# Is Reinickendorf a nice neighborhood?



## captainspibot

Hi guys,

I am about to rent a room on airbnb in Reinickendorf, Rue Georges Vallerey, 13469 Berlin, Germany. 

I was wondering if this is a nice place? I realize its outside the city center but I am more concerned about safety and the general infrastructure?

Look forward to your input.


----------



## ALKB

captainspibot said:


> Hi guys,
> 
> I am about to rent a room on airbnb in Reinickendorf, Rue Georges Vallerey, 13469 Berlin, Germany.
> 
> I was wondering if this is a nice place? I realize its outside the city center but I am more concerned about safety and the general infrastructure?
> 
> Look forward to your input.


Depends a bit on where in Reinickendorf, there are nice parts, very nice parts and not so nice parts.

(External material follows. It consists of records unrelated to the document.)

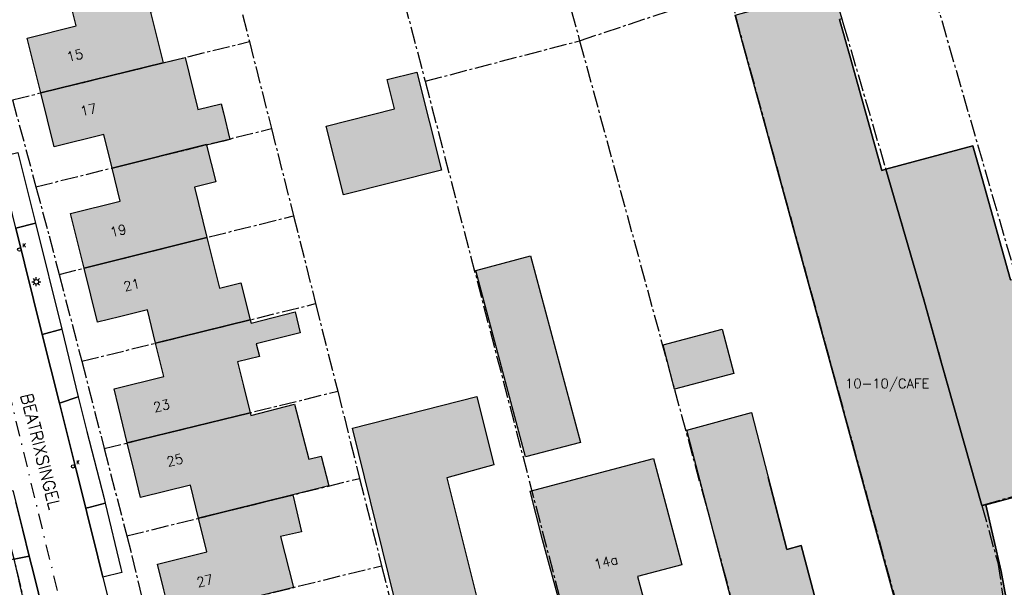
# Model space of a CAD drawing. Header units: metres. Extents: x 202952 to 203755, y 349031 to 349702.
# Tile 6 of 84: x 203058 to 203140, y 349352 to 349399. Entities that reach past the tile are written whole.
import ezdxf
from ezdxf.enums import TextEntityAlignment as Align

# ---------------------------------------------------------------- set-up
doc = ezdxf.new("R2010")
doc.units = ezdxf.units.M
doc.linetypes.add('1-200 CENTER', pattern=[4.28625, 2.8575, -0.47625, 0.47625, -0.47625])
doc.linetypes.add('1-200 DASHDOT', pattern=[2.54, 1.27, -0.635, 0, -0.635])
for name, color, linetype in [('bgt.onbegroeidterreindeel', 252, 'Continuous'), ('PH-BEST-BEBOUWING', 1, 'Continuous'), ('PH-BEST-BEBOUWING-ARCERING', 254, 'Continuous'), ('PH-BEST-HUISNUMMER', 7, 'Continuous'), ('PH-BEST-KADASTRALE-GRENS', 240, '1-200 CENTER'), ('PH-BEST-KOLK', 8, 'Continuous'), ('PH-BEST-LICHTMAST-HANDHAVENB', 6, 'Continuous'), ('PH-BEST-RIO-HANDHAVEN-GEMENGD', 44, '1-200 DASHDOT'), ('PH-BEST-STRAATNAAM-RIOLERING', 7, 'Continuous'), ('PH-BEST-WEGDEEL', 254, 'Continuous')]:
    doc.layers.add(name, color=color, linetype=linetype)
doc.styles.add('ROMANS', font='romans.shx')

# ---------------------------------------------------------------- blocks, each defined once
blk = doc.blocks.new('*U50')
blk.add_circle((0, 0), 0.142)
at = {"ltscale": 0.05, "style": 'ROMANS'}
blk.add_text('K', height=0.3, dxfattribs=at).set_placement((0.277, 0.195))
blk = doc.blocks.new('Lichtmast 2')
at = {"flags": 128}
for points in [[(-0.5, 0), (-0.25, 0)], [(-0.35, 0.35), (-0.18, 0.18)], [(0, 0.25), (0, 0.5)], [(0.18, 0.18), (0.35, 0.35)], [(0.25, 0), (0.5, 0)], [(-0.35, -0.35), (-0.18, -0.18)], [(0, -0.5), (0, -0.25)], [(0.18, -0.18), (0.35, -0.35)]]:
    blk.add_lwpolyline(points, dxfattribs=at)
blk.add_circle((0, 0), 0.25)

msp = doc.modelspace()

# ---------------------------------------------------------------- hatches: boundary and pattern name
at = {"layer": 'PH-BEST-BEBOUWING-ARCERING'}
for points in [[(203059.554, 349393.155), (203058.427, 349397.698), (203062.504, 349398.71), (203061.781, 349401.622), (203069.678, 349403.479), (203072.272, 349404.057), (203072.943, 349401.018), (203072.984, 349400.875), (203070.451, 349400.314), (203068.656, 349399.853), (203069.715, 349395.651)], [(203126.778, 349396.225), (203125.933, 349399.255), (203126.116, 349399.306), (203125.367, 349401.87), (203125.269, 349401.843), (203117.244, 349399.601), (203117.876, 349397.339), (203125.774, 349368.421), (203133.01, 349341.93), (203134.65, 349336.16), (203140.153, 349337.725), (203142.352, 349338.35), (203142.531, 349338.401), (203140.324, 349346.038), (203140.698, 349346.177), (203139.361, 349353.406), (203138.088, 349358.948), (203137.739, 349358.891), (203134.402, 349370.71), (203132.995, 349375.762), (203129.768, 349386.808), (203129.43, 349386.717)], [(203065.475, 349386.912), (203064.783, 349389.692), (203060.667, 349388.672), (203059.554, 349393.155), (203069.715, 349395.651), (203071.547, 349396.097), (203072.567, 349391.902), (203072.602, 349391.761), (203074.546, 349392.243), (203074.73, 349391.503), (203075.259, 349389.278), (203074.736, 349389.151), (203073.335, 349388.804), (203073.323, 349388.851)], [(203084.701, 349384.679), (203083.27, 349390.392), (203088.947, 349391.813), (203088.334, 349394.26), (203090.804, 349394.879), (203092.847, 349386.72)], [(203063.153, 349378.597), (203062.025, 349383.133), (203066.159, 349384.161), (203065.475, 349386.912), (203073.323, 349388.851), (203073.335, 349388.804), (203074.086, 349385.771), (203072.314, 349385.332), (203073.354, 349381.143)], [(203069.096, 349372.371), (203068.422, 349375.132), (203066.086, 349374.56), (203064.267, 349374.114), (203063.153, 349378.597), (203073.354, 349381.143), (203074.402, 349376.921), (203076.183, 349377.366), (203076.953, 349374.307)], [(203095.708, 349378.391), (203100.26, 349379.606), (203104.393, 349364.127), (203099.842, 349362.912)], [(203066.735, 349364.085), (203065.636, 349368.585), (203069.774, 349369.595), (203069.096, 349372.371), (203076.953, 349374.307), (203077.021, 349374.038), (203080.677, 349374.976), (203081.101, 349373.218), (203077.459, 349372.301), (203077.723, 349371.253), (203075.889, 349370.818), (203076.388, 349368.812), (203076.941, 349366.587)], [(203117.138, 349369.838), (203112.222, 349368.557), (203111.263, 349372.238), (203116.179, 349373.519)], [(203092.87, 349335.23), (203091.45, 349341.06), (203085.464, 349365.298), (203095.793, 349367.945), (203097.208, 349362.257), (203093.285, 349361.189), (203094.989, 349354.426), (203096.076, 349350.112), (203097.024, 349350.353), (203098.87, 349342.87), (203100.29, 349337.04), (203099.748, 349336.908)], [(203072.669, 349357.832), (203071.987, 349360.573), (203067.844, 349359.543), (203067.362, 349361.518), (203066.735, 349364.085), (203076.941, 349366.587), (203077, 349366.348), (203080.646, 349367.29), (203081.825, 349362.726), (203082.854, 349362.992), (203083.497, 349360.506), (203080.5, 349359.766)], [(203131.14, 349335.17), (203124.511, 349333.432), (203121.76, 349332.71), (203121.397, 349334.094), (203120.24, 349338.51), (203116.214, 349353.82), (203113.237, 349365.151), (203118.609, 349366.618), (203121.54, 349355.232), (203122.736, 349355.549), (203125.001, 349346.995), (203125.582, 349344.801), (203126.188, 349342.47), (203128.699, 349343.074), (203129.04, 349343.154), (203129.092, 349343.168), (203129.62, 349340.97)], [(203101.251, 349356.041), (203100.214, 349360.087), (203105.642, 349361.504), (203110.474, 349362.79), (203112.822, 349353.967), (203109.15, 349352.991), (203110.655, 349347.334), (203104.103, 349345.609)], [(203070.347, 349349.556), (203069.768, 349351.884), (203069.238, 349354.016), (203073.363, 349355.042), (203072.669, 349357.832), (203080.5, 349359.766), (203080.523, 349359.669), (203081.215, 349356.709), (203079.484, 349356.296), (203080.545, 349352.073)]]:
    msp.add_hatch(color=256, dxfattribs=at).paths.add_polyline_path(points)
msp.add_hatch(color=256, dxfattribs=at).paths.add_polyline_path([(203129.768, 349386.808), (203136.998, 349388.757), (203137.789, 349386.034), (203140.14, 349377.616), (203140.435, 349377.694), (203145.148, 349360.855), (203138.088, 349358.948), (203137.739, 349358.891), (203134.402, 349370.71), (203132.995, 349375.762)], flags=17)

# ---------------------------------------------------------------- linework, layer by layer
at = {"layer": 'bgt.onbegroeidterreindeel'}
for points in [[(203140.14, 349377.616), (203137.789, 349386.034), (203136.998, 349388.757), (203129.768, 349386.808), (203129.43, 349386.717), (203126.778, 349396.225), (203125.933, 349399.255)], [(203120, 349389.562), (203125.774, 349368.421), (203133.01, 349341.93), (203134.65, 349336.16), (203131.14, 349335.17), (203129.62, 349340.97), (203129.092, 349343.168), (203129.04, 349343.154), (203128.699, 349343.074), (203126.188, 349342.47), (203125.582, 349344.801), (203125.001, 349346.995), (203122.736, 349355.549), (203121.54, 349355.232), (203120, 349361.214)], [(203140.698, 349346.177), (203139.361, 349353.406), (203138.088, 349358.948), (203145.148, 349360.855)]]:
    msp.add_lwpolyline(points, dxfattribs=at)
at = {"layer": 'PH-BEST-BEBOUWING'}
for points in [[(203059.554, 349393.155), (203058.427, 349397.698), (203062.504, 349398.71), (203061.781, 349401.622), (203069.678, 349403.479), (203072.272, 349404.057), (203072.943, 349401.018), (203072.984, 349400.875), (203070.451, 349400.314), (203068.656, 349399.853), (203069.715, 349395.651), (203059.554, 349393.155)], [(203117.244, 349399.601), (203125.269, 349401.843), (203125.367, 349401.87), (203126.116, 349399.306), (203125.933, 349399.255), (203126.778, 349396.225), (203129.43, 349386.717), (203129.768, 349386.808), (203132.995, 349375.762), (203134.402, 349370.71), (203137.739, 349358.891), (203138.088, 349358.948), (203139.361, 349353.406), (203140.698, 349346.177), (203140.324, 349346.038), (203142.531, 349338.401), (203142.352, 349338.35), (203140.153, 349337.725), (203134.65, 349336.16), (203133.01, 349341.93), (203125.774, 349368.421), (203117.876, 349397.339), (203117.244, 349399.601)], [(203065.475, 349386.912), (203064.783, 349389.692), (203060.667, 349388.672), (203059.554, 349393.155), (203069.715, 349395.651), (203071.547, 349396.097), (203072.567, 349391.902), (203072.602, 349391.761), (203074.546, 349392.243), (203074.73, 349391.503), (203075.259, 349389.278), (203074.736, 349389.151), (203073.335, 349388.804), (203073.323, 349388.851), (203065.475, 349386.912)], [(203084.701, 349384.679), (203083.27, 349390.392), (203088.947, 349391.813), (203088.334, 349394.26), (203090.804, 349394.879), (203092.847, 349386.72), (203084.701, 349384.679)], [(203063.153, 349378.597), (203062.025, 349383.133), (203066.159, 349384.161), (203065.475, 349386.912), (203073.323, 349388.851), (203073.335, 349388.804), (203074.086, 349385.771), (203072.314, 349385.332), (203073.354, 349381.143), (203063.153, 349378.597)], [(203129.768, 349386.808), (203136.998, 349388.757), (203137.789, 349386.034), (203140.14, 349377.616), (203140.435, 349377.694), (203145.148, 349360.855), (203138.088, 349358.948), (203137.739, 349358.891), (203134.402, 349370.71), (203132.995, 349375.762), (203129.768, 349386.808)], [(203069.096, 349372.371), (203068.422, 349375.132), (203066.086, 349374.56), (203064.267, 349374.114), (203063.153, 349378.597), (203073.354, 349381.143), (203074.402, 349376.921), (203076.183, 349377.366), (203076.953, 349374.307), (203069.096, 349372.371)], [(203095.708, 349378.391), (203100.26, 349379.606), (203104.393, 349364.127), (203099.842, 349362.912), (203095.708, 349378.391)], [(203066.735, 349364.085), (203065.636, 349368.585), (203069.774, 349369.595), (203069.096, 349372.371), (203076.953, 349374.307), (203077.021, 349374.038), (203080.677, 349374.976), (203081.101, 349373.218), (203077.459, 349372.301), (203077.723, 349371.253), (203075.889, 349370.818), (203076.388, 349368.812), (203076.941, 349366.587), (203066.735, 349364.085)], [(203117.138, 349369.838), (203112.222, 349368.557), (203111.263, 349372.238), (203116.179, 349373.519), (203117.138, 349369.838)], [(203092.87, 349335.23), (203091.45, 349341.06), (203085.464, 349365.298), (203095.793, 349367.945), (203097.208, 349362.257), (203093.285, 349361.189), (203094.989, 349354.426), (203096.076, 349350.112), (203097.024, 349350.353), (203098.87, 349342.87), (203100.29, 349337.04), (203099.748, 349336.908), (203092.87, 349335.23)], [(203072.669, 349357.832), (203071.987, 349360.573), (203067.844, 349359.543), (203067.362, 349361.518), (203066.735, 349364.085), (203076.941, 349366.587), (203077, 349366.348), (203080.646, 349367.29), (203081.825, 349362.726), (203082.854, 349362.992), (203083.497, 349360.506), (203080.5, 349359.766), (203072.669, 349357.832)], [(203131.14, 349335.17), (203124.511, 349333.432), (203121.76, 349332.71), (203121.397, 349334.094), (203120.24, 349338.51), (203116.214, 349353.82), (203113.237, 349365.151), (203118.609, 349366.618), (203121.54, 349355.232), (203122.736, 349355.549), (203125.001, 349346.995), (203125.582, 349344.801), (203126.188, 349342.47), (203128.699, 349343.074), (203129.04, 349343.154), (203129.092, 349343.168), (203129.62, 349340.97), (203131.14, 349335.17)], [(203101.251, 349356.041), (203100.214, 349360.087), (203105.642, 349361.504), (203110.474, 349362.79), (203112.822, 349353.967), (203109.15, 349352.991), (203110.655, 349347.334), (203104.103, 349345.609), (203101.251, 349356.041)], [(203070.347, 349349.556), (203069.768, 349351.884), (203069.238, 349354.016), (203073.363, 349355.042), (203072.669, 349357.832), (203080.5, 349359.766), (203080.523, 349359.669), (203081.215, 349356.709), (203079.484, 349356.296), (203080.545, 349352.073), (203070.347, 349349.556)]]:
    msp.add_lwpolyline(points, close=True, dxfattribs=at)
at = {"layer": 'PH-BEST-KADASTRALE-GRENS', "ltscale": 0.5}
for p, q in [((203080.517, 349435.957), (203091.488, 349394.122)), ((203074.735, 349405.884), (203076.886, 349397.413)), ((203104.332, 349397.478), (203116.735, 349401.625)), ((203126.061, 349399.493), (203126.262, 349398.805)), ((203126.061, 349399.493), (203126.262, 349398.805)), ((203057.199, 349392.576), (203076.886, 349397.413)), ((203076.886, 349397.413), (203078.717, 349390.184)), ((203091.488, 349394.122), (203104.332, 349397.478)), ((203091.488, 349394.122), (203104.133, 349345.617)), ((203057.199, 349392.576), (203059.15, 349385.35)), ((203059.15, 349385.35), (203078.717, 349390.184)), ((203078.717, 349390.184), (203080.551, 349382.94)), ((203061.078, 349378.079), (203080.551, 349382.94)), ((203080.551, 349382.94), (203082.392, 349375.647)), ((203061.078, 349378.079), (203062.954, 349370.858)), ((203062.954, 349370.858), (203082.392, 349375.647)), ((203082.392, 349375.647), (203084.226, 349368.373)), ((203062.954, 349370.858), (203064.822, 349363.616)), ((203064.822, 349363.616), (203084.226, 349368.373)), ((203084.226, 349368.373), (203086.048, 349361.137)), ((203064.822, 349363.616), (203066.692, 349356.355)), ((203066.692, 349356.355), (203086.048, 349361.137)), ((203086.048, 349361.137), (203087.874, 349353.882)), ((203145.428, 349361.044), (203137.739, 349358.891)), ((203068.468, 349349.092), (203087.874, 349353.882)), ((203087.874, 349353.882), (203089.637, 349346.844))]:
    msp.add_line(p, q, dxfattribs=at)
for points in [[(203087.56, 349450.417), (203090.061, 349440.912), (203092.346, 349441.368), (203104.332, 349397.478)], [(203116.735, 349401.625), (203117.876, 349397.339), (203134.681, 349336.054)], [(203133.821, 349401.21), (203144.207, 349365.336), (203145.428, 349361.044)], [(203133.821, 349401.21), (203144.207, 349365.336), (203145.428, 349361.044)], [(203126.262, 349398.805), (203132.995, 349375.762), (203134.402, 349370.71), (203137.739, 349358.891)], [(203126.262, 349398.805), (203132.995, 349375.762), (203134.402, 349370.71), (203137.739, 349358.891)], [(203104.332, 349397.478), (203116.214, 349353.82), (203117.453, 349349.124)], [(203059.15, 349385.35), (203060.242, 349381.286), (203061.078, 349378.079)], [(203046.035, 349357.504), (203055.983, 349359.78), (203058.735, 349348.653)], [(203137.739, 349358.891), (203139.072, 349354.16), (203140.324, 349346.038), (203142.506, 349338.486)], [(203066.692, 349356.355), (203067.119, 349354.717), (203068.468, 349349.092)]]:
    msp.add_lwpolyline(points, dxfattribs=at)
at = {"layer": 'PH-BEST-RIO-HANDHAVEN-GEMENGD'}
msp.add_line((203072.78, 349303.08), (203051.18, 349391.95), dxfattribs=at)
at = {"layer": 'PH-BEST-WEGDEEL'}
for points in [[(203056.005, 349387.812), (203057.656, 349388.203), (203059.12, 349382.323), (203057.475, 349381.92), (203056.005, 349387.812)], [(203057.475, 349381.92), (203059.12, 349382.323), (203061.301, 349373.538), (203059.68, 349373.089), (203057.475, 349381.92)], [(203059.68, 349373.089), (203061.301, 349373.538), (203062.659, 349367.904), (203061.107, 349367.372), (203059.68, 349373.089)], [(203063.283, 349358.655), (203062.485, 349361.852), (203061.107, 349367.372), (203062.659, 349367.904), (203063.388, 349365.036), (203064.806, 349359.452), (203064.901, 349359.078), (203064.075, 349358.862), (203063.648, 349358.75), (203063.283, 349358.655)], [(203057.334, 349354.42), (203057.058, 349354.366), (203056.327, 349357.155), (203055.649, 349359.744), (203056.52, 349359.959), (203057.236, 349360.135), (203057.478, 349359.163), (203058.057, 349356.835), (203058.597, 349354.665), (203057.334, 349354.42)], [(203063.283, 349358.655), (203063.648, 349358.75), (203064.075, 349358.862), (203064.901, 349359.078), (203066.215, 349353.659), (203066.295, 349353.328), (203064.714, 349352.921), (203064.29, 349354.62), (203063.373, 349358.294), (203063.283, 349358.655)], [(203058.593, 349349.03), (203057.757, 349352.611), (203057.72, 349352.766), (203057.334, 349354.42), (203058.597, 349354.665), (203058.778, 349353.939), (203058.803, 349353.837), (203059.916, 349349.366), (203058.593, 349349.03)]]:
    msp.add_lwpolyline(points, close=True, dxfattribs=at)
for points in [[(203057.475, 349381.92), (203059.68, 349373.089), (203061.107, 349367.372), (203062.485, 349361.852), (203063.283, 349358.655), (203063.373, 349358.294), (203064.29, 349354.62), (203064.714, 349352.921), (203070.549, 349329.55)], [(203059.916, 349349.366), (203058.803, 349353.837), (203058.778, 349353.939), (203058.597, 349354.665), (203058.057, 349356.835), (203057.478, 349359.163)]]:
    msp.add_lwpolyline(points, dxfattribs=at)

# ---------------------------------------------------------------- block references
at = {"layer": 'PH-BEST-KOLK'}
for p in [(203057.772, 349380.136), (203062.237, 349362.133)]:
    msp.add_blockref('*U50', p, dxfattribs=at)
at = {"layer": 'PH-BEST-LICHTMAST-HANDHAVENB', "xscale": 0.75, "yscale": 0.75, "zscale": 0.75}
msp.add_blockref('Lichtmast 2', (203059.178, 349377.464), dxfattribs=at)

# ---------------------------------------------------------------- texts
at = {"layer": 'PH-BEST-HUISNUMMER', "style": 'ROMANS'}
for s, rotation, p in [('15', 13.5, (203062.388, 349396.266)), ('17', 13.5, (203063.509, 349391.752)), ('19', 13.5, (203065.985, 349381.711)), ('21', 13.5, (203067.108, 349377.196)), ('10-10/CAFE', 0, (203129.888, 349369.015)), ('23', 13.5, (203069.585, 349367.167)), ('25', 13.5, (203070.688, 349362.653)), ('14a', 13.5, (203106.518, 349354.2)), ('27', 13.5, (203073.19, 349352.628))]:
    msp.add_text(s, height=0.8, rotation=rotation, dxfattribs=at).set_placement(p, align=Align.MIDDLE_CENTER)
at = {"layer": 'PH-BEST-STRAATNAAM-RIOLERING', "style": 'ROMANS'}
msp.add_text('BEATRIXSINGEL', height=1, rotation=284.01625, dxfattribs=at).set_placement((203059.54, 349363.375), align=Align.MIDDLE_CENTER)

doc.saveas('drawing.dxf')

In this case, I went to school just around the corner and my cousin lives less than 10 minutes away, so I know the area relatively well. 

I'd say it's a very safe area. A few shops and supermarkets in walking distance, some smaller independent shops, too. Access to public transport is not too bad, either, there is both a S- and U-Bahn station not far away. Depending on when you stay there, there might still be construction going on in this part of the underground line, which is a major PITA but then you can always take the S-Bahn.

The street is in the "French Quarter", where Officers of the French army and their families were housed when this part of Berlin was still under French administration. Those were generally quite nice flats.

You might get some noise from the nearby airport.


----------



## captainspibot

Sweet! Thank you so much for your input. You have set my mind at ease.


----------



## obesiper

Hi , i stay there for 3 Years .
Nice area with good infrastructure and friendly neighbors
Enjoy


----------